Go to Intune Admin Center
Devices → Windows → Updates → Update Rings
Hit + Create profile

Now name it something useful — like “Windows 11 Prod Update Ring” — not “Test2-final-V3-FIXED” (we’ve all done it).

Define your policies:

  • Servicing channel: General Availability (GA)

  • Quality updates: Auto-install

  • Feature updates: Controlled by policy

  • Deadlines: Add some — or users will postpone this until retirement.

Click Done.

Step 3: Configure the Feature Update Policy

Now the real magic happens.

Go to:
Devices → Windows → Updates → Feature Updates
Create profile

Fill in the basics:

  • Name: Windows 11 25H2 Upgrade

  • Feature update to deploy: Windows 11, version 25H2

  • Assign it to your device group(s).

Click Done.

Now Intune will handle the rollout — no USBs, no ISO circus, no late-night VPN sessions.

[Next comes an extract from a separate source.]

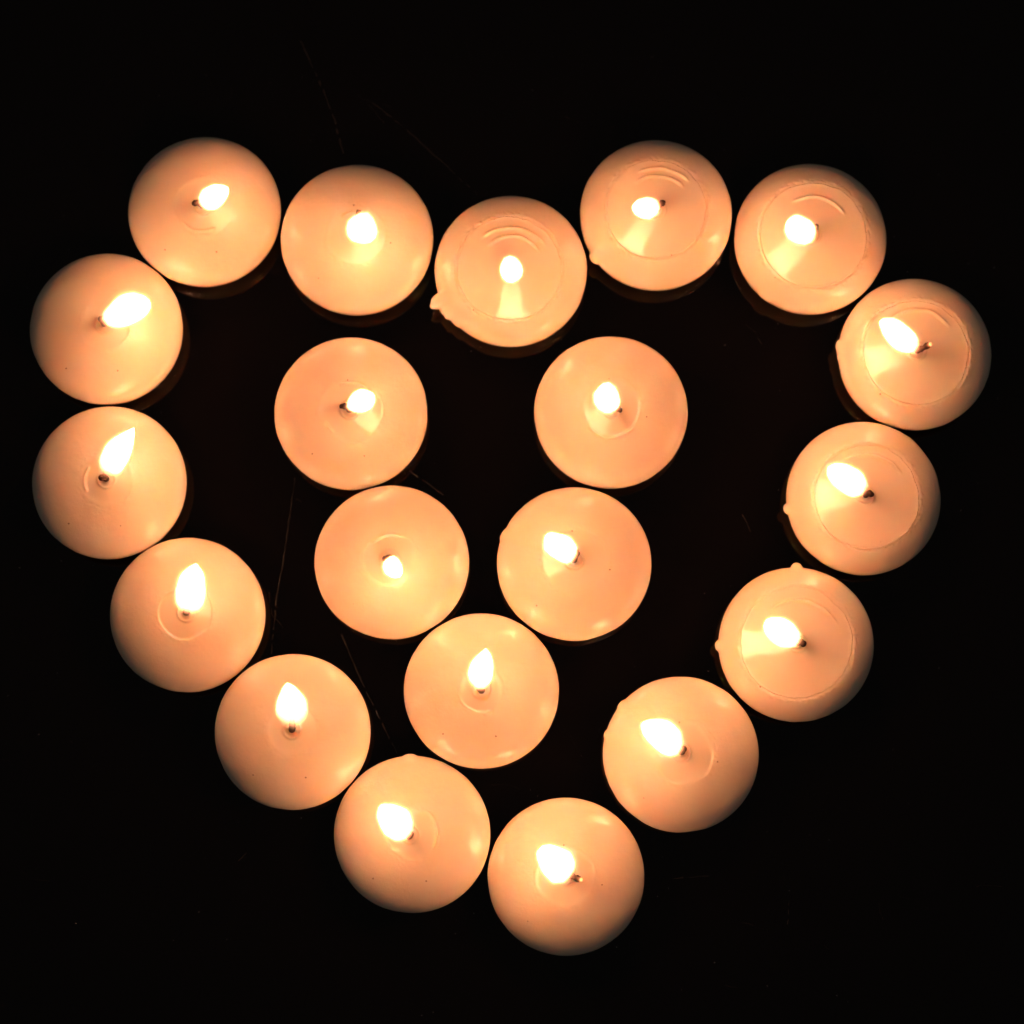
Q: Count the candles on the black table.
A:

Step 4: Test Before You Nuke Production

Always. Always. Always.
Create a pilot group (a few test laptops, preferably your least favorite ones).
Deploy the policy there first.
Monitor for issues via Intune → Reports → Windows Update Reports.

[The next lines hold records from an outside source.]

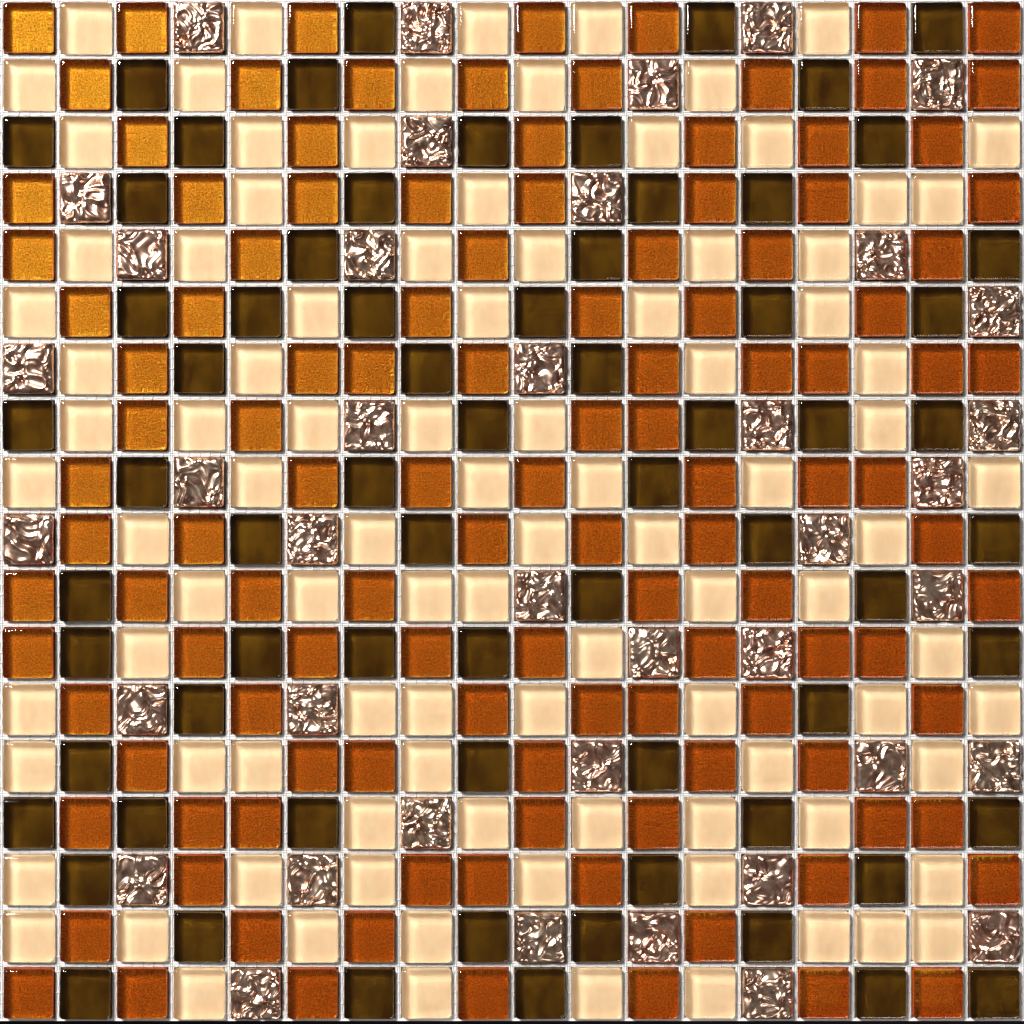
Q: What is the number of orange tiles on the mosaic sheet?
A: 119
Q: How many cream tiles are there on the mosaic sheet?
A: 96
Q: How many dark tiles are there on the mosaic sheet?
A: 69

If it survives 72 hours without blue screens, push it to production.

Bonus Tips from the Trenches

  • Make sure Windows Update for Business service is reachable — firewall rules still matter.

  • Keep an eye on drivers — some OEMs delay compatibility for 25H2.

  • Use device filters if you’re managing mixed environments (24H2, 23H2, or legacy Win10 stragglers).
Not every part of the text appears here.